For new housing, Lifetime Homes is exactly this, a home that considers a whole lifetime’s needs. And, other than the odd quirky self build, I don’t understand why we wouldn’t want all new homes to meet this? 

And why not upgrade existing homes too? 

Shouldn’t it be normal practice to consider accessibility improvements when we do significant changes to our homes? I guess it could seem negative to think about old age or accidents when we look to buy, build or do up our homes, but most of us have insurance and pensions for those things don’t we? Why not think about future proofing our homes as a physical insurance policy? 

And looking from the other direction, why focus on what people can’ t do? What about the things an accessible home can enable people to do? Homes that support people to reach their potential and enjoy life! 

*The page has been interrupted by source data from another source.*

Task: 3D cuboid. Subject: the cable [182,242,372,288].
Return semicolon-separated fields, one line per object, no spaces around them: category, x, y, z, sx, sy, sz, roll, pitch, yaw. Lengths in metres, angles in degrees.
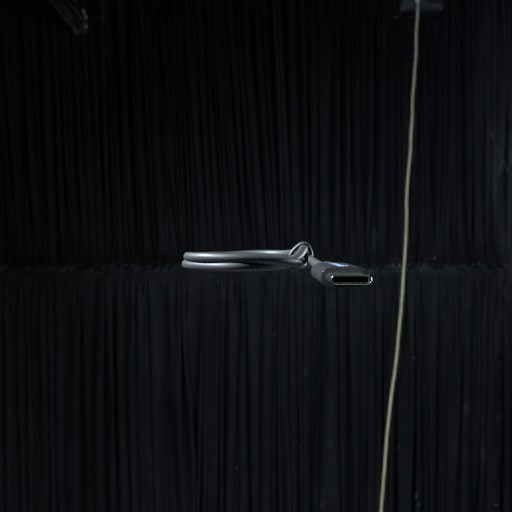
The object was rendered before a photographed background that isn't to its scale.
cable;0.000;0.000;0.216;0.070;0.014;0.192;0;2;1
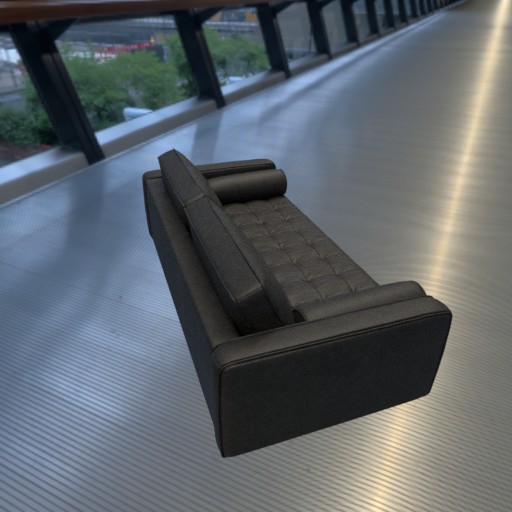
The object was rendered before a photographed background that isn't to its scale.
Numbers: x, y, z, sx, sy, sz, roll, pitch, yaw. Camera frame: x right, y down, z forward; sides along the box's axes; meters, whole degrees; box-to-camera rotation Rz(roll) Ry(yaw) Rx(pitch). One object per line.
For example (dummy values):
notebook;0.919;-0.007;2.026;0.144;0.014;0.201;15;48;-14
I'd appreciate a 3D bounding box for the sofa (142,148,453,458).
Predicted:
sofa;0.000;0.000;2.319;0.921;0.770;1.879;-10;32;-17
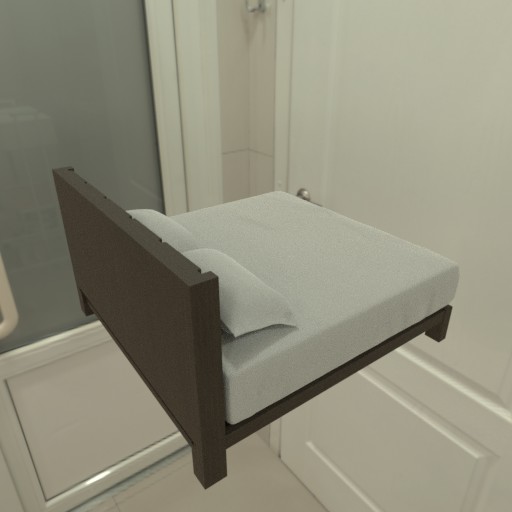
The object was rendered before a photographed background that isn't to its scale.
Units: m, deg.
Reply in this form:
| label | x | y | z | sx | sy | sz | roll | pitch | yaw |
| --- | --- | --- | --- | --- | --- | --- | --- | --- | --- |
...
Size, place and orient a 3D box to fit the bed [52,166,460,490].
| label | x | y | z | sx | sy | sz | roll | pitch | yaw |
| --- | --- | --- | --- | --- | --- | --- | --- | --- | --- |
| bed | 0.000 | 0.000 | 3.436 | 2.238 | 1.261 | 2.143 | -18 | 32 | -32 |

Inclusive design is design for everyone, it’s not only about wheelchair turning circles, grab rails or stair lifts. It’s also about making life easier for people with prams & buggies, for crawlers, toddlers, kids with scooters, people wheeling cases, bringing in the weekly shop or moving furniture…and also about being welcoming for friends and family  whose needs  may be different to our own. 

I love this definition by Jos Boys in ‘Doing Disability Differently’: 

“The boundaries between disability and ability are ambiguous and porous....disability and ability need to be explored together not separately”.

There’s no reason why an accessible house shouldn’t be an amazing, stylish and beautiful home! 

In fact, how can a home be ‘ideal’ if it’s not inclusive!? 

On that note, I also don’t think a home can really be sustainable if it’s not inclusive. I feel strongly that good accessible design should be embraced more by the sustainable design culture. It’s frustrating that sustainability is often equated with energy efficiency only. 

A zero energy building that doesn’t meet the needs of the users and cannot adapt is just not sustainable. It needs to be a holistic process. 

I’d like to see some of the new home design standards place more emphasis on accessibility and strengthen it’s perceived value as key to quality design: 

Home Quality Mark: The voluntary new standard introduced by the BRE, has a brief reference to space standards within the Health & Wellbeing category. I think accessibility should be bumped much higher up the hierarchy. 

Built for Life: A certification of home & neighbourhood quality, which doesn’ t give reference to home design or standards at all, other than compliance with planning standards. I think this is a missed opportunity to encourage housebuilders to place more value on accessibility. 

I also think it would be worth investigating the benefits of local authority investment in long term vision for Disabled Facilities Grant projects and perhaps investment in general PR to encourage all householders to consider accessibility improvements, as has been the case for energy saving measures in recent years. 

I’d love to see more inspiration and information out in the mainstream media too, about the benefits of inclusive and accessible design for everyone. There is an occasional article in the design mags or feature TV shows, and (of course!) there is the gold standard - DIYSOS Big Build! However these features tend to include a disabled family member and touching back story. How often is there any mention of accessibility or inclusion otherwise? Why not discuss pram and buggy access in the context of the typical young pregnant couple embarking on their grand design?  We need to shake of the perception that accessibility is niche and only for a narrow demographic. 

It’s not just for the aging population (which of course is a pretty massive demographic in itself!). Inclusive design is about multi-generations, for young people and for families

But essentially inclusive design is just well considered planning & flexibility. If you watch a few episodes of Grand Designs or read a home design magazine they are full of lovely wide open plan spaces, level garden decks etc. Lots of ideas that are completely compatible with inclusive design, and are ideal for wheelchair turning circles! 

Lifetime homes is an extension of what people are already aspiring to. With an extra layer of thought added. 

From a purely commercial point of view, government statistics are telling us that 20% of families have a member who needs better accessibility on the high street (the purple pound!) so shouldn’t housebuilders & agents be seeing this as an opportunity too? Good accessible design should be good sellable design! 

I think the main challenge is to demonstrate to people, both in the industry and users and consumers, that there isn’t inclusive design and normal design, that if society is really serious about inclusion and equality, all design should be inclusive.